We departed and arrived in Harlingen, once the KKK capital of the RGV. They may have a finer airport than we do, but their bus terminal is a shabby construction. It is a collapsing building with a corrugated overhang that I would expect to find in rural Mississippi with a whites only sign over the entrance to the segregated bathrooms.

Next stop was the magnificent metropolis of McAllen. At least that is the opinion of their inhabitants when comparing their city, in their unbiased opinion, to our Third-World city. Fuck 'em! I prefer our downtown, our meandering resacas, our palm trees standing like sentinels and the fact that we are five degrees cooler in the summer and five degrees warmer in the winter. And when the hell is the freeway construction going to end. It seems like it's been a decade of congested traffic now.

After filling the few remaining unoccupied seats, we turned north. There is a short stop in Edinburg. Next year UTRGV will have a Division 1 football team that will play an annual game at Sams. They will be a part of the Southland Conference, a league comprised of lesser known elevens from Texas and Louisiana. We know that there will not be many Valley athletes even sitting on the bench. The Vaqueros are only recruiting big white boys to block for fast black boys.

Exiting Edinburg, the scenic part of the journey commences--monte, or as we say in English, brushland. I try to imagine Spanish conquistadors trekking through this impenetrable track of stunted shrubs with blood-thirsty thorns. I don't want to think of the harsh conditions they endured as they futilely searched for gold. Of course, they were luckier than the illegal aliens who have to find their way to civilization on foot. In a land of seven-foot rattlesnakes and hungry coyotes and pterodactyl-sized vultures, is it any wonder that the sun-baked terrain is littered with human bones?

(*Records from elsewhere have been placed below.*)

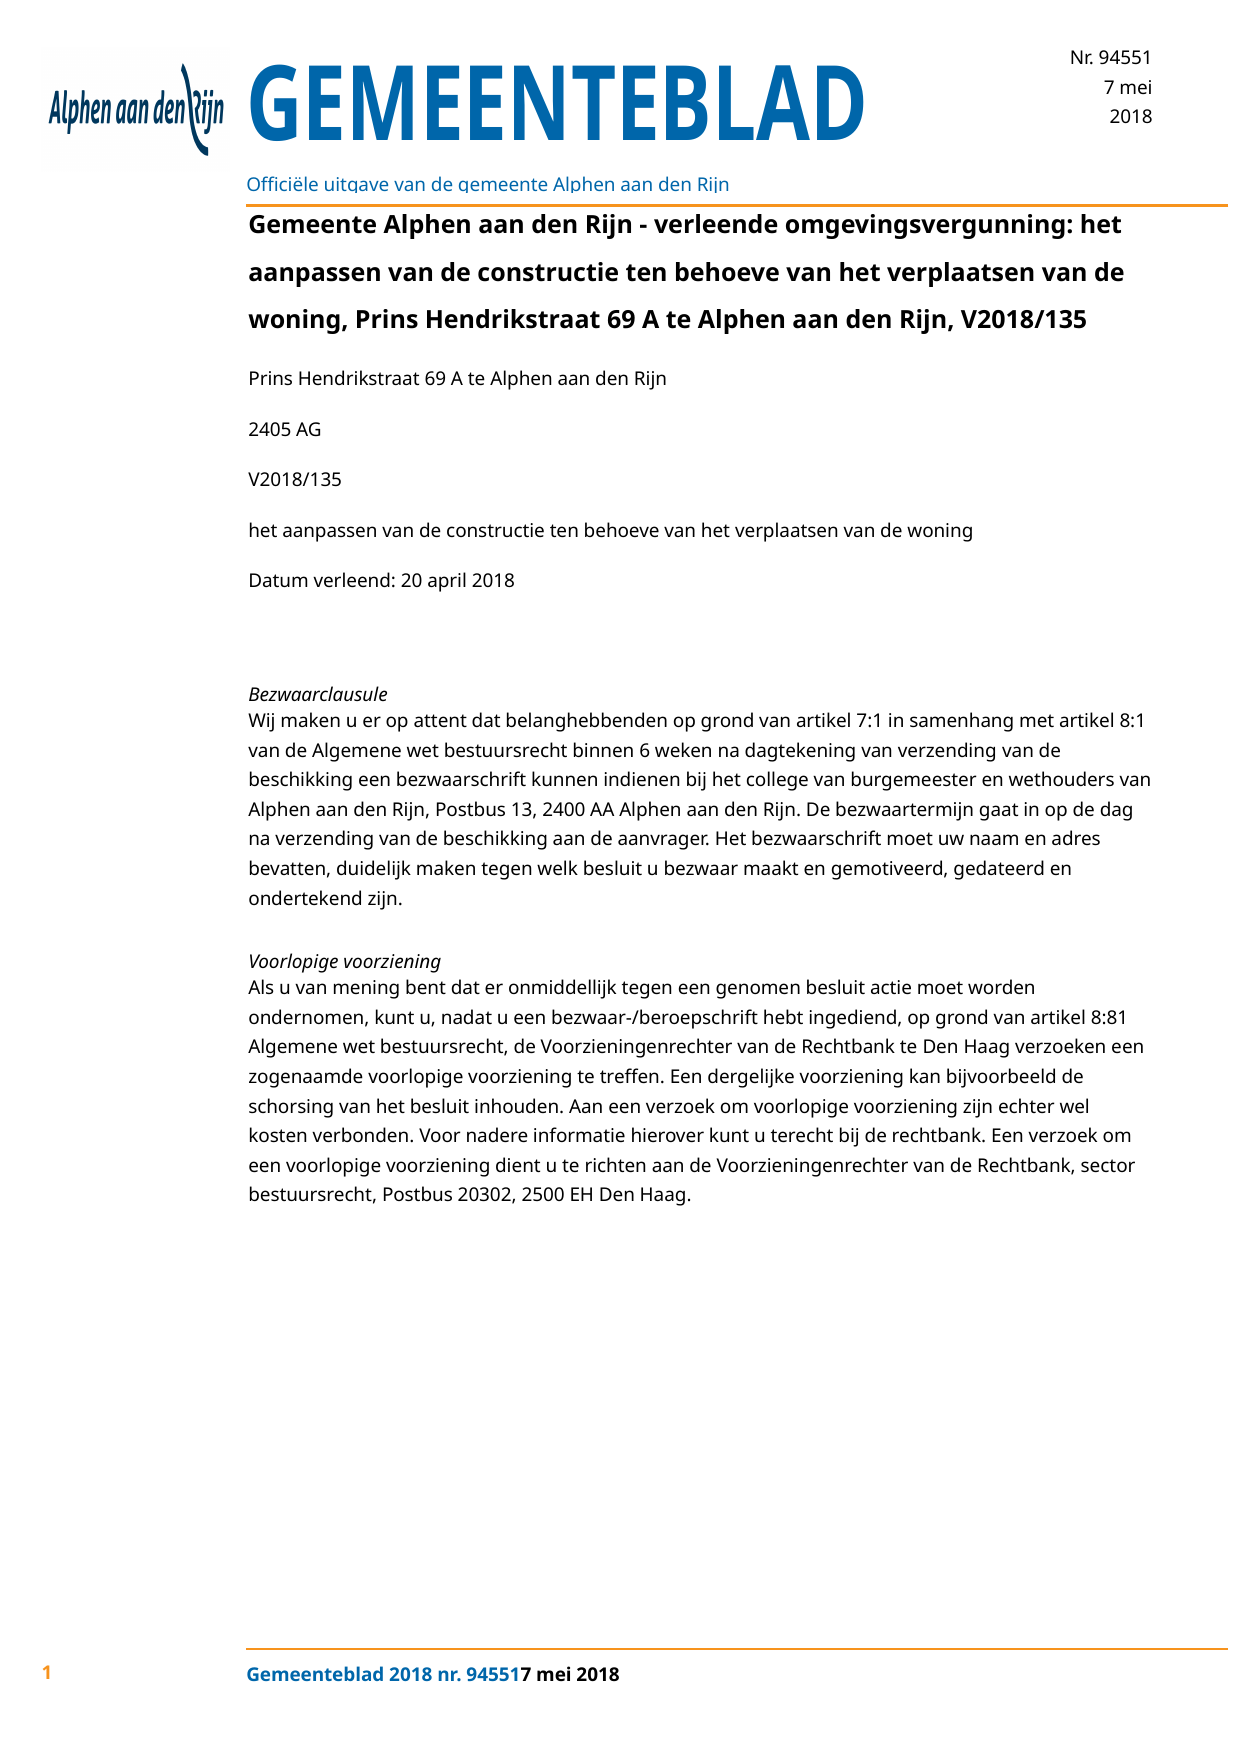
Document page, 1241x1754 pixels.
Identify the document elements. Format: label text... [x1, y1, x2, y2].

text Bezwaarclausule [248, 682, 1152, 707]
text het aanpassen van de constructie ten behoeve van het verplaatsen van de woning [248, 517, 1152, 542]
text 2405 AG [248, 416, 1152, 442]
text Als u van mening bent dat er onmiddellijk tegen een genomen besluit actie moet worden ondernomen, kunt u, nadat u een bezwaar-/beroepschrift hebt ingediend, op grond van artikel 8:81 Algemene wet bestuursrecht, de Voorzieningenrechter van de Rechtbank te Den Haag verzoeken een zogenaamde voorlopige voorziening te treffen. Een dergelijke voorziening kan bijvoorbeeld de schorsing van het besluit inhouden. Aan een verzoek om voorlopige voorziening zijn echter wel kosten verbonden. Voor nadere informatie hierover kunt u terecht bij de rechtbank. Een verzoek om een voorlopige voorziening dient u te richten aan de Voorzieningenrechter van de Rechtbank, sector bestuursrecht, Postbus 20302, 2500 EH Den Haag. [248, 974, 1152, 1207]
text Gemeente Alphen aan den Rijn - verleende omgevingsvergunning: het aanpassen van de constructie ten behoeve van het verplaatsen van de woning, Prins Hendrikstraat 69 A te Alphen aan den Rijn, V2018/135 [248, 207, 1152, 336]
text Voorlopige voorziening [248, 949, 1152, 974]
picture [41, 47, 231, 172]
text Wij maken u er op attent dat belanghebbenden op grond van artikel 7:1 in samenhang met artikel 8:1 van de Algemene wet bestuursrecht binnen 6 weken na dagtekening van verzending van de beschikking een bezwaarschrift kunnen indienen bij het college van burgemeester en wethouders van Alphen aan den Rijn, Postbus 13, 2400 AA Alphen aan den Rijn. De bezwaartermijn gaat in op de dag na verzending van de beschikking aan de aanvrager. Het bezwaarschrift moet uw naam en adres bevatten, duidelijk maken tegen welk besluit u bezwaar maakt en gemotiveerd, gedateerd en ondertekend zijn. [248, 707, 1152, 911]
text Prins Hendrikstraat 69 A te Alphen aan den Rijn [248, 366, 1152, 391]
text V2018/135 [248, 466, 1152, 492]
text Datum verleend: 20 april 2018 [248, 567, 1152, 593]

The checkpoint fills some of the passengers with paranoia, but the officers are in a friendly mood. Apparently, there isn't a Islamic terrorist disguised as a Mexican. The next two stops are the fun-filled communities of Falfurrias and Alice. The only excitement in these once oil boom towns is Friday night football. If my memory serves me right, neither has had a decent squad in years. I'm surprised that Lopez hasn't included them on their schedule. It's been a long time since the Lobos have howled at the moon in the wake of a victorious performance.

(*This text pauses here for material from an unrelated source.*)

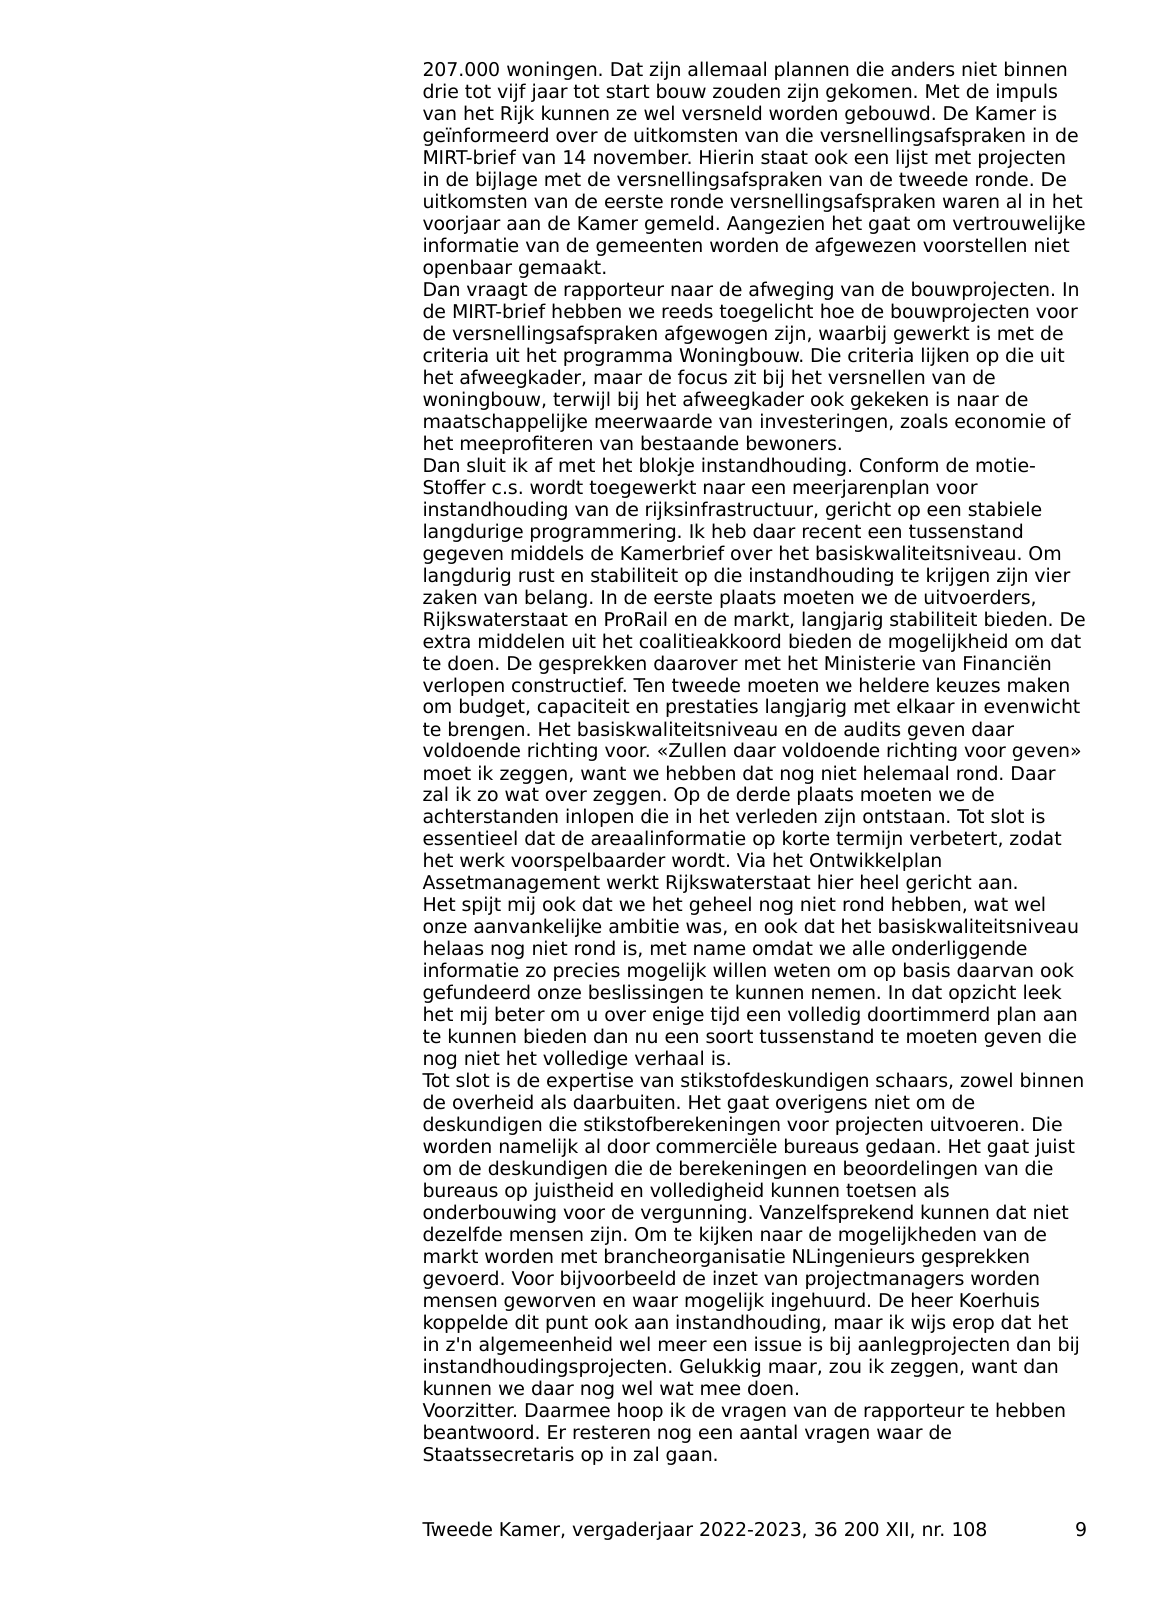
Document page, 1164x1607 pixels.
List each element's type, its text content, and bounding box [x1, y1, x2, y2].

This is where a reasonable trip fragments into an unreasonable trip. I remember there was a time when we could take a bus directly to Corpus Christi and continue to San Antonio. It's bad enough having to go to McAllen before heading north to San Antonio, but at Alice we veer east to Corpus Christi. At this point the air-conditioning shuts down and a baby starts screaming. Everything spirals downward from here as we pull into Corpus Christi's facility at three. Six hours from Brownsville to Corpus Christi. I'm sure some woebegone, barefooted mojados can cover that distance in a shorter time.

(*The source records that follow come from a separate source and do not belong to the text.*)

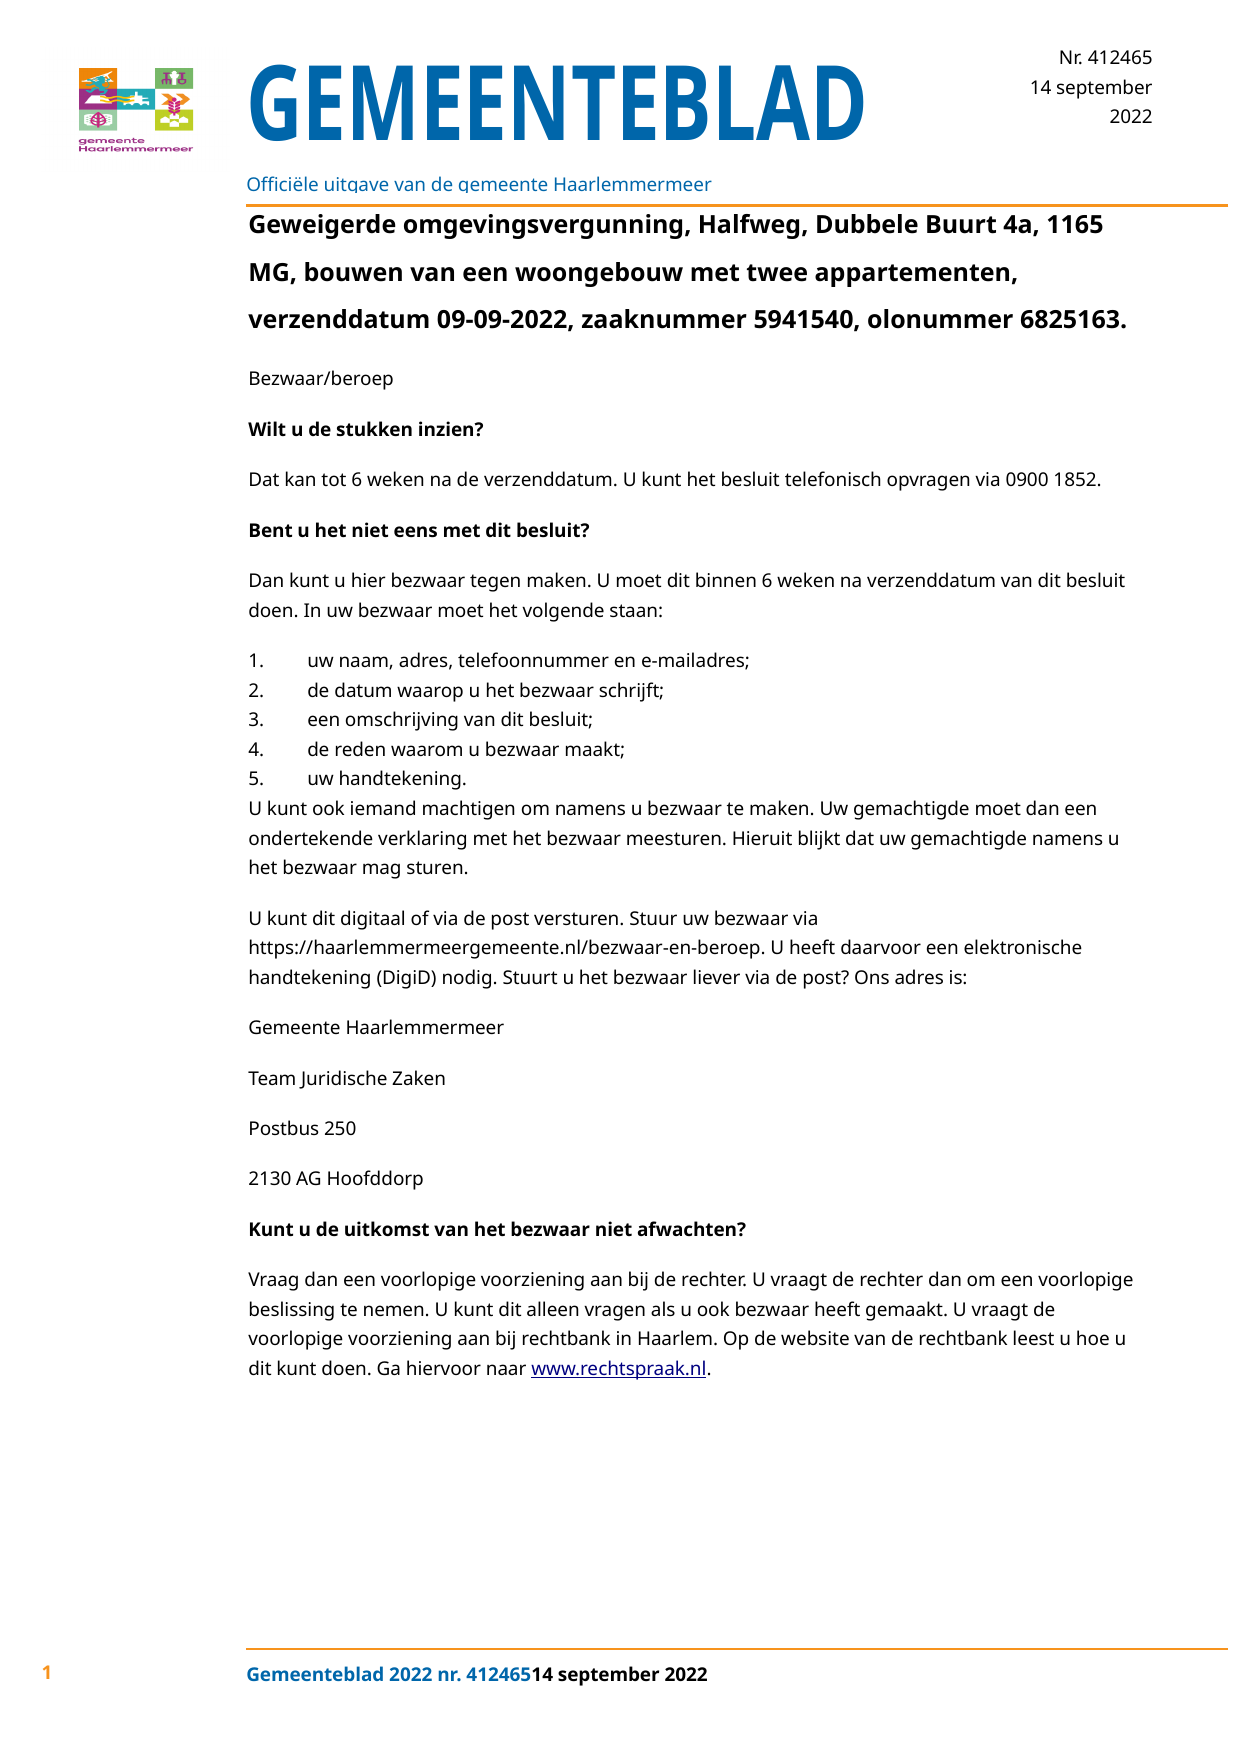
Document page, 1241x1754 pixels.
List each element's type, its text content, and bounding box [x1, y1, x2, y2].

text Kunt u de uitkomst van het bezwaar niet afwachten? [248, 1216, 1152, 1242]
text Postbus 250 [248, 1115, 1152, 1141]
text Geweigerde omgevingsvergunning, Halfweg, Dubbele Buurt 4a, 1165 MG, bouwen van een woongebouw met twee appartementen, verzenddatum 09-09-2022, zaaknummer 5941540, olonummer 6825163. [248, 207, 1152, 336]
text Dat kan tot 6 weken na de verzenddatum. U kunt het besluit telefonisch opvragen via 0900 1852. [248, 466, 1152, 492]
text Vraag dan een voorlopige voorziening aan bij de rechter. U vraagt de rechter dan om een voorlopige beslissing te nemen. U kunt dit alleen vragen als u ook bezwaar heeft gemaakt. U vraagt de voorlopige voorziening aan bij rechtbank in Haarlem. Op de website van de rechtbank leest u hoe u dit kunt doen. Ga hiervoor naar www.rechtspraak.nl. [248, 1266, 1152, 1381]
text Gemeente Haarlemmermeer [248, 1014, 1152, 1040]
picture [41, 47, 231, 172]
text 2130 AG Hoofddorp [248, 1166, 1152, 1191]
text U kunt ook iemand machtigen om namens u bezwaar te maken. Uw gemachtigde moet dan een ondertekende verklaring met het bezwaar meesturen. Hieruit blijkt dat uw gemachtigde namens u het bezwaar mag sturen. [248, 795, 1152, 880]
text Bent u het niet eens met dit besluit? [248, 517, 1152, 542]
list de reden waarom u bezwaar maakt; [248, 736, 1152, 762]
text Dan kunt u hier bezwaar tegen maken. U moet dit binnen 6 weken na verzenddatum van dit besluit doen. In uw bezwaar moet het volgende staan: [248, 567, 1152, 622]
list uw naam, adres, telefoonnummer en e-mailadres; [248, 647, 1152, 673]
text Wilt u de stukken inzien? [248, 416, 1152, 442]
text Bezwaar/beroep [248, 366, 1152, 391]
text U kunt dit digitaal of via de post versturen. Stuur uw bezwaar via https://haarlemmermeergemeente.nl/bezwaar-en-beroep. U heeft daarvoor een elektronische handtekening (DigiD) nodig. Stuurt u het bezwaar liever via de post? Ons adres is: [248, 905, 1152, 989]
list uw handtekening. [248, 766, 1152, 791]
list de datum waarop u het bezwaar schrijft; [248, 677, 1152, 702]
list een omschrijving van dit besluit; [248, 706, 1152, 732]
text Team Juridische Zaken [248, 1065, 1152, 1090]

I tell myself I'm too old for this bullshit. My back is killing me. I'm hungry and thirsty, but the bathroom is disgusting. The pace from Corpus to San Antonio picks up, but so does the clamor in the bus as the passengers start yelling at the driver over the lack of air-conditioning. Then another child starts bawling. I tell myself again as I have told myself again and again that I'm never going to take the bus again. This milk run only includes George Best. I have no idea who George Best was, but I conclude he was probably just another Eddie Lucio who had to be recognized as a political favor.

At last I spot the San Antonio skyline on the horizon. I take a deep breath. The travail is coming to an end. At the station my beautiful baby boy, now a grown man, is waiting for me. I quickly forget the past and embrace the future. I have paid higher prices for lesser pleasures.